Question

The type of hybridization of boron in diborane is (a) \(s p-\) hybridization (b) \(s p^{2}\)-hybridization (c) \(s p^{3}\)-hybridization (d) \(s p^{3} d^{2}\)-hybridization.

Short answer

The type of hybridization of boron in diborane is (c) sp3-hybridization.

Step-by-step solution

Understanding Hybridization

Hybridization is the concept of mixing atomic orbitals to create new hybrid orbitals suitable for the pairing of electrons to form chemical bonds in molecular compounds. The type of hybridization depends on the number of atomic orbitals mixed and the geometry of the molecule.

Analyzing the Structure of Diborane

Diborane (B2H6) has a structure in which each boron atom has four orbitals involved in bonding. The two boron atoms are bonded to four terminal hydrogen atoms and there are two bridging hydrogen atoms that share electrons with both boron atoms.

Determining the Hybridization of Boron in Diborane

Boron contributes its three valence electrons, and in order to form four bonds (two with terminal hydrogens and two with bridging hydrogens), it mixes its s orbital with three p orbitals. This results in four sp3 hybrid orbitals that accommodate the electron pairs that bond with the hydrogens.

Key concepts

SP3 Hybridization

The concept of sp3 hybridization is fundamental when exploring the diverse bonding scenarios in chemical compounds. It occurs when one s orbital mixes with three p orbitals to form four equivalent hybrid orbitals. This hybridization is a cornerstone in understanding how atoms like boron in diborane create bonds.

In an atom that undergoes sp3 hybridization, these newly formed sp3 orbitals have a tetrahedral arrangement with an angle of 109.5 degrees between them, which is central to predicting the geometry of molecules. For instance, in the case of diborane (B2H6), each boron atom undergoes sp3 hybridization. Although boron only has three electrons available for bonding, it manages to form bonds with four hydrogen atoms—two to terminal hydrogens and two to a pair of bridging hydrogens. This seemingly puzzling scenario is key to understanding the bonding in diborane.
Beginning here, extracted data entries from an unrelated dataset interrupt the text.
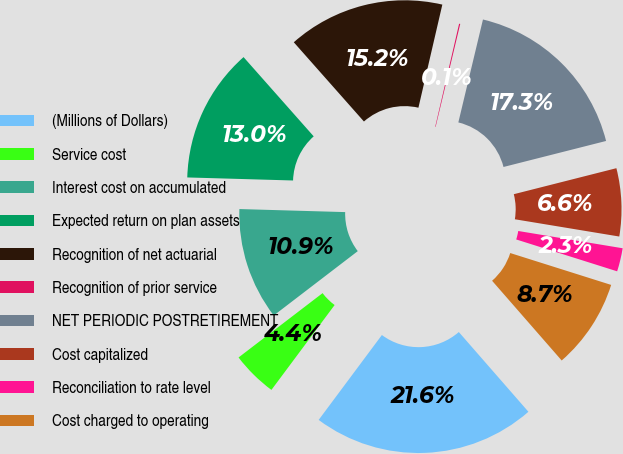Convert chart to OTSL. <chart><loc_0><loc_0><loc_500><loc_500><pie_chart><fcel>(Millions of Dollars)<fcel>Service cost<fcel>Interest cost on accumulated<fcel>Expected return on plan assets<fcel>Recognition of net actuarial<fcel>Recognition of prior service<fcel>NET PERIODIC POSTRETIREMENT<fcel>Cost capitalized<fcel>Reconciliation to rate level<fcel>Cost charged to operating<nl><fcel>21.61%<fcel>4.41%<fcel>10.86%<fcel>13.01%<fcel>15.16%<fcel>0.11%<fcel>17.31%<fcel>6.56%<fcel>2.26%<fcel>8.71%<nl></chart> 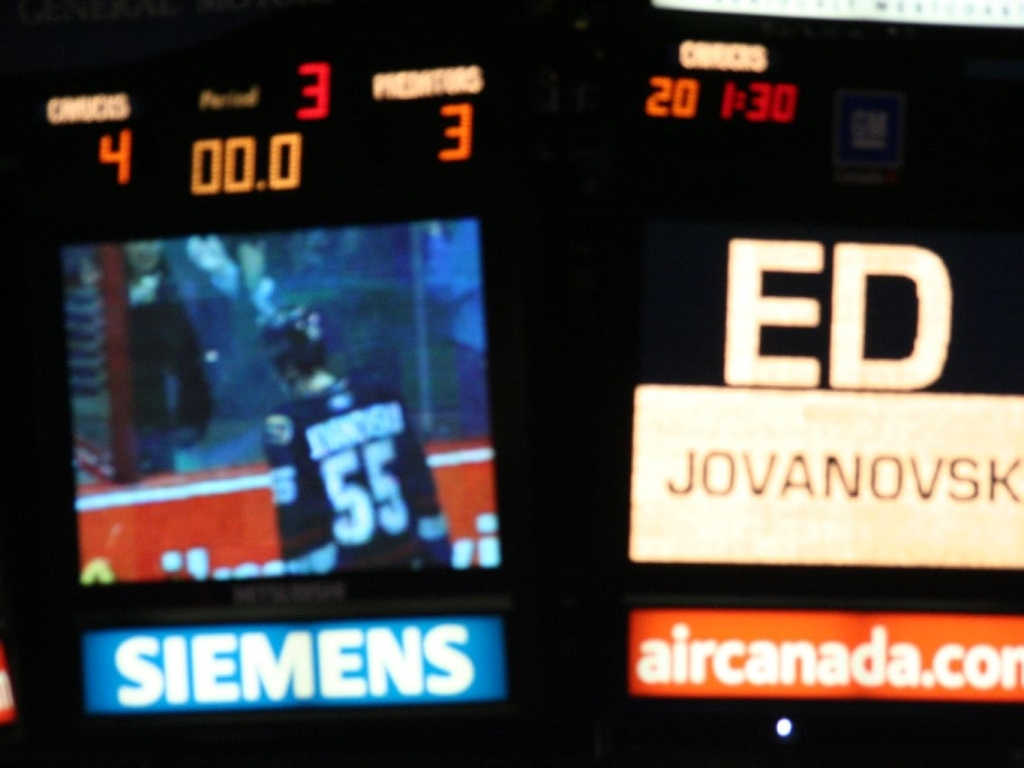What might be some reasons for the image's lack of sharpness? Several factors could contribute to the image's lack of sharpness. It could be due to a slow shutter speed that wasn't sufficient to freeze the motion of the game, resulting in motion blur. Camera shake is another possibility if the photograph was taken handheld without stabilization. Additionally, if the focus wasn't set correctly, the main subject would appear blurred. Lastly, a high ISO setting might have been used in a low-light environment, leading to a grainier, less sharp image. 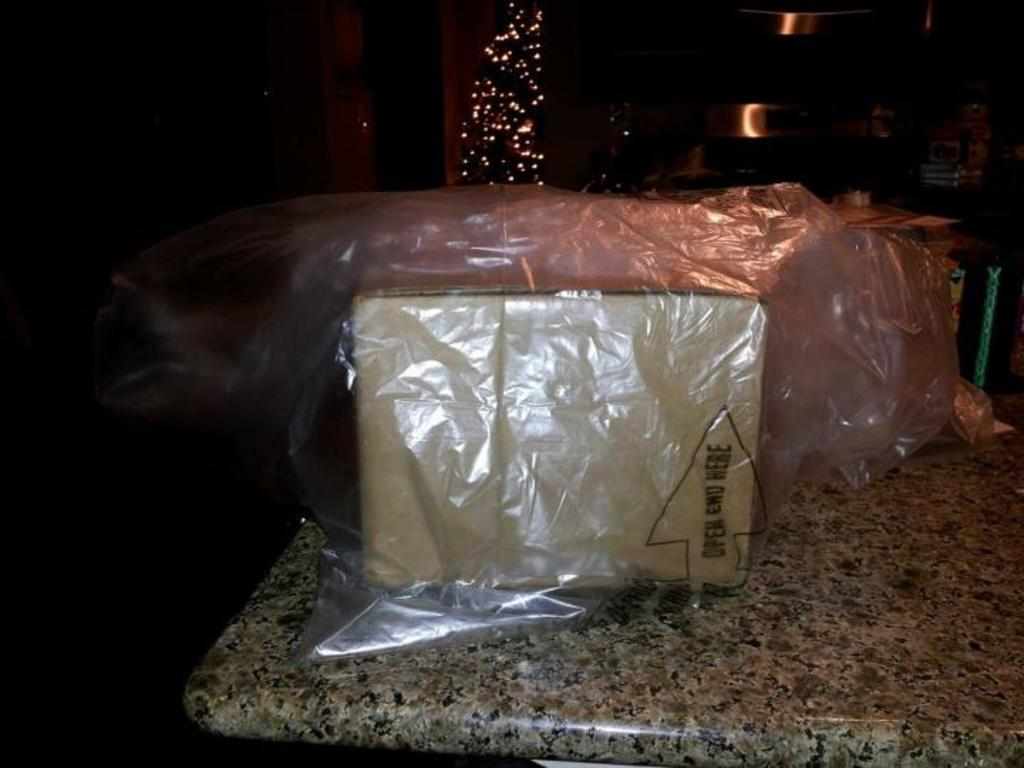What type of object is depicted in the image? There is a cartoon box in the image. Is there any covering or protection in the image? Yes, there is a cover in the image. What else can be seen in the image besides the cartoon box and cover? There are vessels and objects on a table in the image. What can be seen in the background of the image? There is a wall and lights in the background of the image. Where might this image have been taken? The image is likely taken in a room, given the presence of a table and wall in the background. What type of powder is being used to clean the screws in the image? There is no powder or screws present in the image; it features a cartoon box, cover, vessels, and objects on a table in a room. 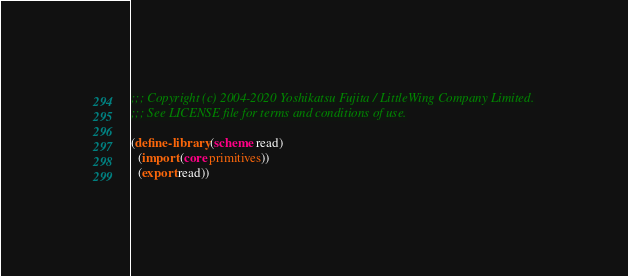<code> <loc_0><loc_0><loc_500><loc_500><_Scheme_>;;; Copyright (c) 2004-2020 Yoshikatsu Fujita / LittleWing Company Limited.
;;; See LICENSE file for terms and conditions of use.

(define-library (scheme read)
  (import (core primitives))
  (export read))
</code> 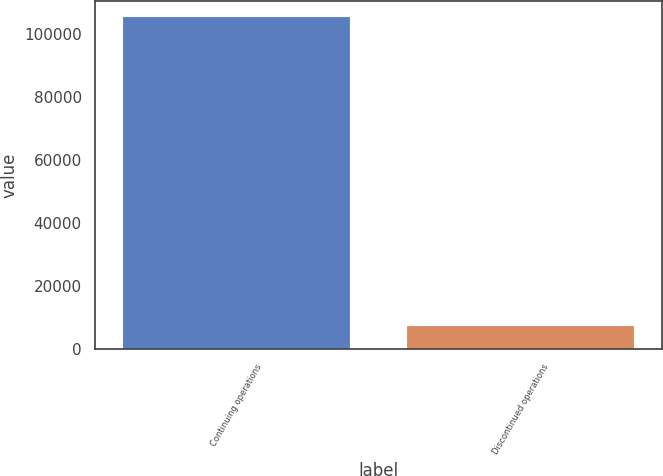Convert chart. <chart><loc_0><loc_0><loc_500><loc_500><bar_chart><fcel>Continuing operations<fcel>Discontinued operations<nl><fcel>105173<fcel>7302<nl></chart> 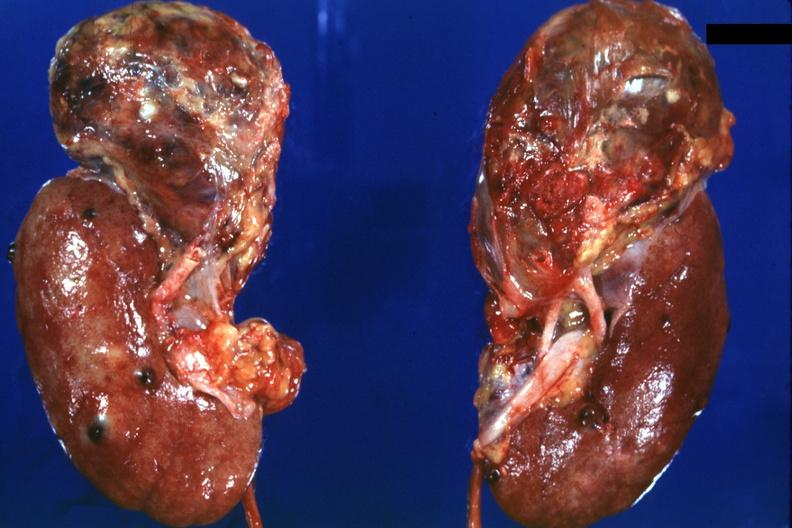where is this?
Answer the question using a single word or phrase. Urinary 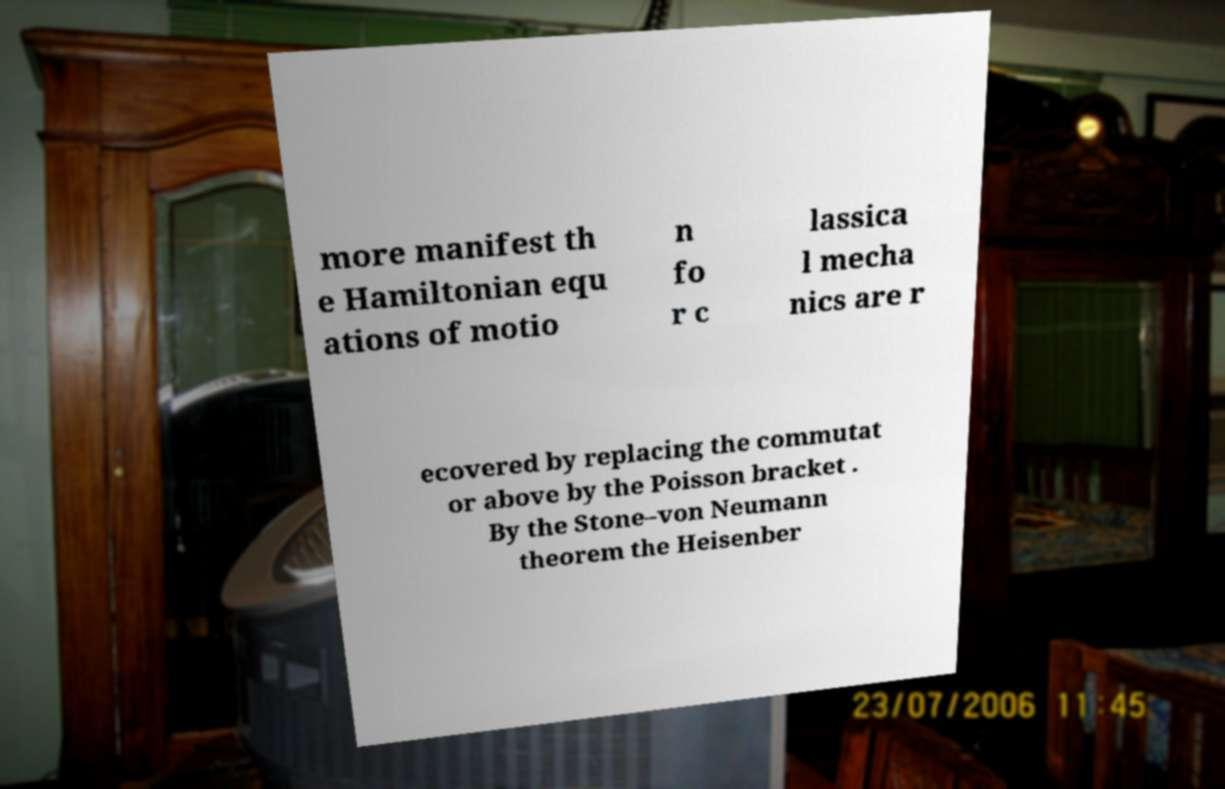Can you read and provide the text displayed in the image?This photo seems to have some interesting text. Can you extract and type it out for me? more manifest th e Hamiltonian equ ations of motio n fo r c lassica l mecha nics are r ecovered by replacing the commutat or above by the Poisson bracket . By the Stone–von Neumann theorem the Heisenber 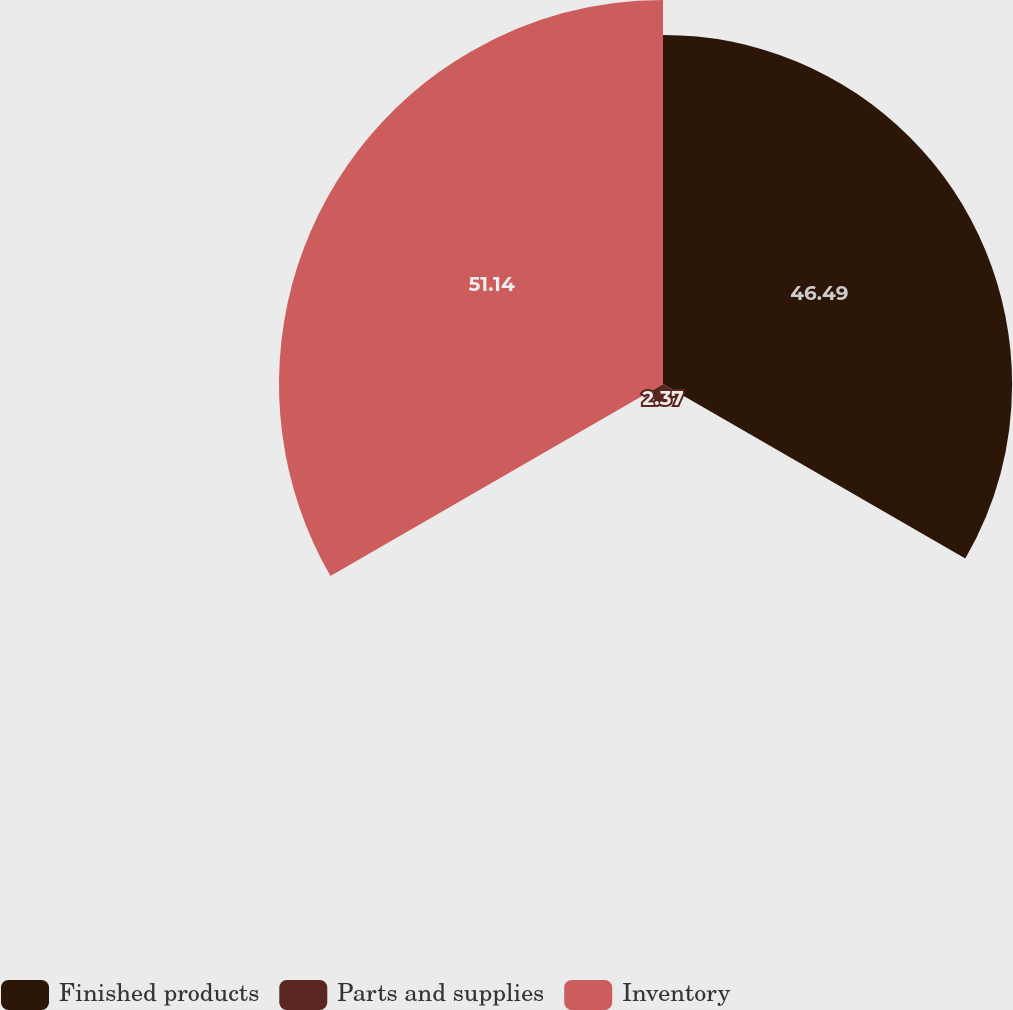<chart> <loc_0><loc_0><loc_500><loc_500><pie_chart><fcel>Finished products<fcel>Parts and supplies<fcel>Inventory<nl><fcel>46.49%<fcel>2.37%<fcel>51.14%<nl></chart> 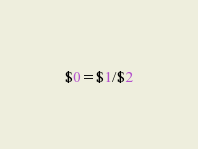<code> <loc_0><loc_0><loc_500><loc_500><_Awk_>$0=$1/$2</code> 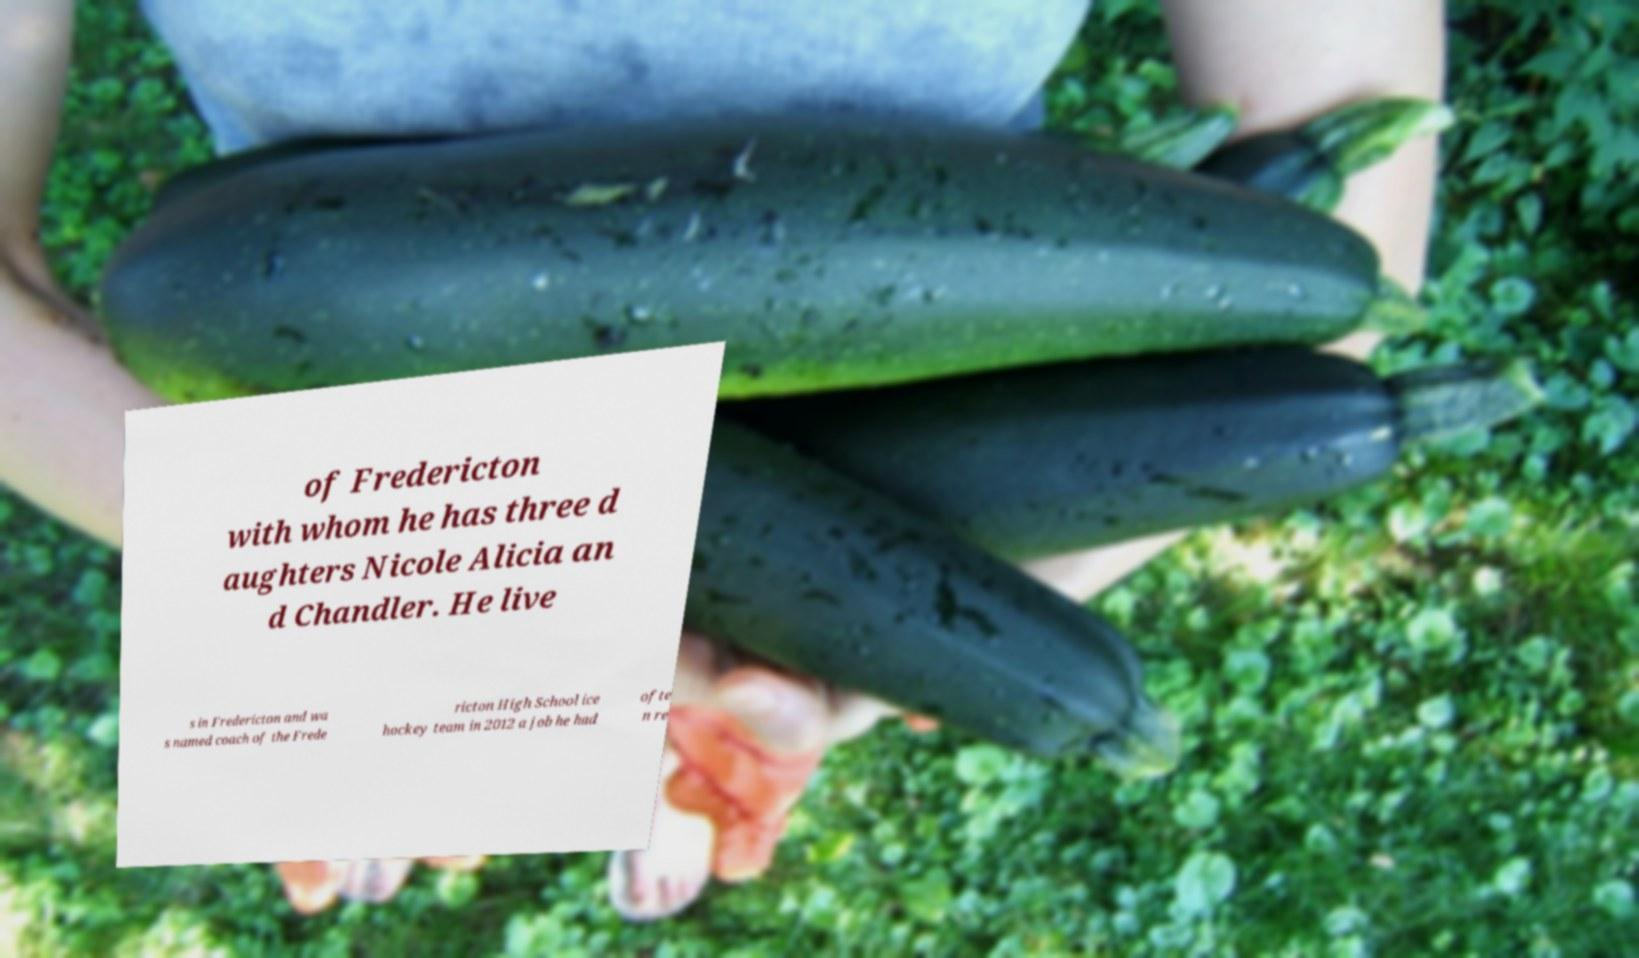For documentation purposes, I need the text within this image transcribed. Could you provide that? of Fredericton with whom he has three d aughters Nicole Alicia an d Chandler. He live s in Fredericton and wa s named coach of the Frede ricton High School ice hockey team in 2012 a job he had ofte n re 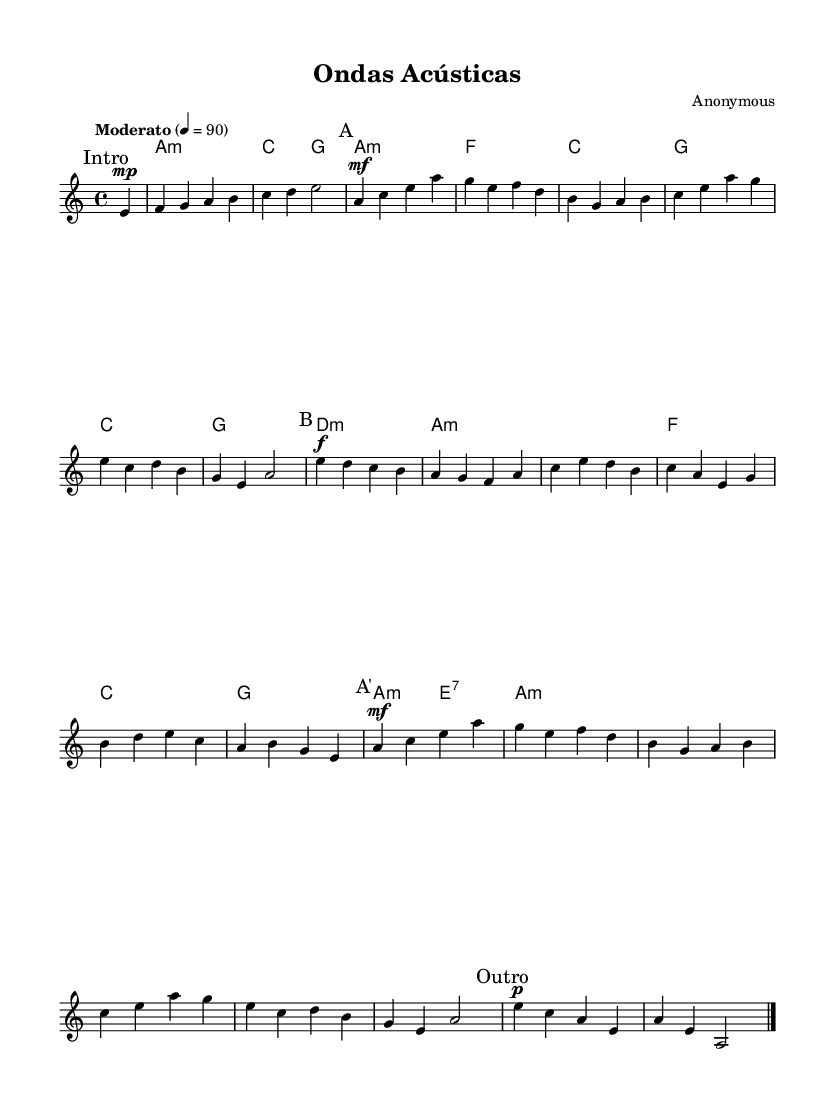What is the key signature of this music? The key signature is indicated by the use of 'a' and 'a minor' chords. There are no sharps or flats noted, confirming it is in a natural minor key.
Answer: A minor What is the time signature of this music? The time signature is found at the beginning of the sheet music where the notation '4/4' is written, which indicates there are four beats in each measure and a quarter note receives one beat.
Answer: 4/4 What is the tempo marking for this piece? The tempo marking appears as 'Moderato' followed by '4 = 90', indicating that the quarter note should be played at 90 beats per minute, which is a moderate pace.
Answer: Moderato How many sections are in the music? By examining the labels on the music, there are distinct sections marked as "Intro," "A," "B," "A'," and "Outro," indicating five sections in total.
Answer: Five What is the structure of the harmony in section B? In section B, the chords progress through a series of notes starting with e', d, c, b, a, g, followed by f, a, c, e, d, b, and continuing, showing a pattern of descending and then ascending notes, typical in Latin music.
Answer: Descending and ascending What dynamic marking is used at the beginning and end of the sections? The dynamic markings specify the volume and intensity of the music. 'mp' is used at the start marking "Intro" for a soft sound, while 'f' in section B indicates a loud sound, ending with 'p' for a softer conclusion.
Answer: mp, f, p What is the primary instrument featured in this sheet music? The music specifies a 'guitar' voice part written in the staff, emphasizing the acoustic guitar as the primary instrument for this piece.
Answer: Guitar 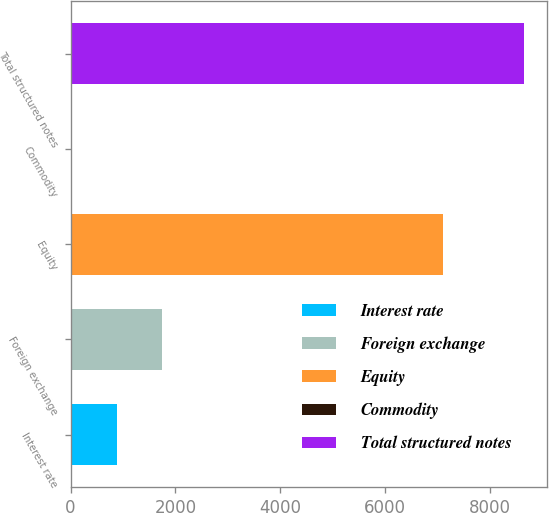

The ability of the boron atoms to extend their valence shell and form additional bonds through sp3 hybridization is fascinating. It allows the creation of complex structures that defy the simplistic octet rule, and is indicative of the flexibility of the chemical bonding framework.

Chemical Bonding

At the heart of molecules is chemical bonding, the force that holds atoms together in compounds. Chemical bonds are formed when electrons are shared, gained, or lost between atoms. For diborane, the type of bonding is complex due to the presence of both regular bonds to terminal hydrogens and three-center two-electron (3c-2e) bonds to bridging hydrogens.

In traditional covalent bonds, two atoms share a pair of electrons. However, with diborane's bridging hydrogens, two electrons are shared among three atoms—two boron and one hydrogen—which is known as a three-center two-electron bond. This type of bonding is less common and is an example of the intricacies of chemical bonds beyond the simple sharing or transferring of electrons.

Understanding these less orthodox bonding types is crucial for comprehending the structure and reactivity of complex molecules such as diborane. It underscores the idea that not all bonds are created equal, and that chemical bonding can range from the simple to the highly complicated, often influenced by the orbital hybridization of the involved atoms.

Molecular Geometry

The concept of molecular geometry describes the three-dimensional shape of a molecule, governed by the spatial arrangement of its atoms. Molecular geometry is not only visually intriguing but also has profound implications for the properties and behavior of molecules.

In diborane, the molecular geometry around each boron atom is initially predicted to be tetrahedral due to sp3 hybridization, yet the overall geometry of the molecule does not strictly conform to this. With its unique pair of bridging hydrogen atoms, diborane assumes a shape that is somewhat at odds with the standard tetrahedral shape.

The presence of the three-center two-electron bonds causes a slight distortion, leading to a fascinating and less common geometry. These bridging bonds actually have a key role in defining the molecular geometry and overall structure of the molecule. When learning about molecular geometry, it is important to consider not just the positions of atoms, but also how the types of bonds and hybridization of orbitals affect the overall shape of the molecule.